(Material for this exercise begins)

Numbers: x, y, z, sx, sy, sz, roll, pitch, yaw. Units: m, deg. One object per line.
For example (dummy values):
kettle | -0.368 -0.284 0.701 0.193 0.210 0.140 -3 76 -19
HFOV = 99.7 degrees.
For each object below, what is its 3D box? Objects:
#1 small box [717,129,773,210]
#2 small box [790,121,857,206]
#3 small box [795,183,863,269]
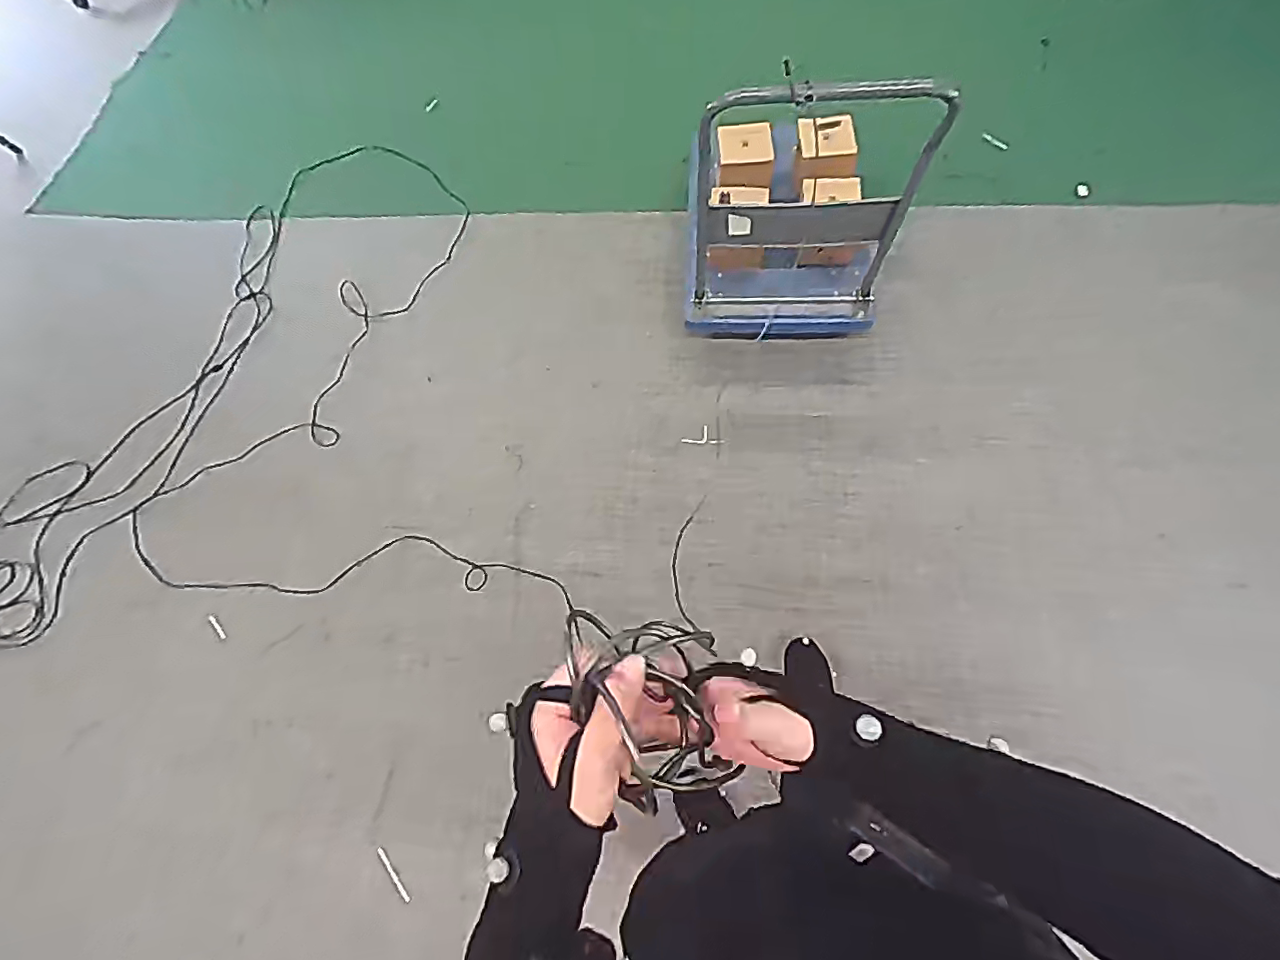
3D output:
small box | 0.342 -1.019 1.791 0.168 0.176 0.179 -2 67 5
small box | 0.592 -1.030 1.768 0.168 0.176 0.179 -2 68 6
small box | 0.574 -0.781 1.665 0.168 0.176 0.179 2 68 7

(Material for this exercise ends)

#### What you will do
Exactly repeat the data above; the pictures do not belong in your copy.

#### Expected answer
Numbers: x, y, z, sx, sy, sz, roll, pitch, yaw. Units: m, deg. One object per line.
For example (dummy values):
kettle | -0.368 -0.284 0.701 0.193 0.210 0.140 -3 76 -19
HFOV = 99.7 degrees.
For each object below, what is its 3D box? Objects:
#1 small box [717,129,773,210]
#2 small box [790,121,857,206]
#3 small box [795,183,863,269]
3D output:
small box | 0.342 -1.019 1.791 0.168 0.176 0.179 -2 67 5
small box | 0.592 -1.030 1.768 0.168 0.176 0.179 -2 68 6
small box | 0.574 -0.781 1.665 0.168 0.176 0.179 2 68 7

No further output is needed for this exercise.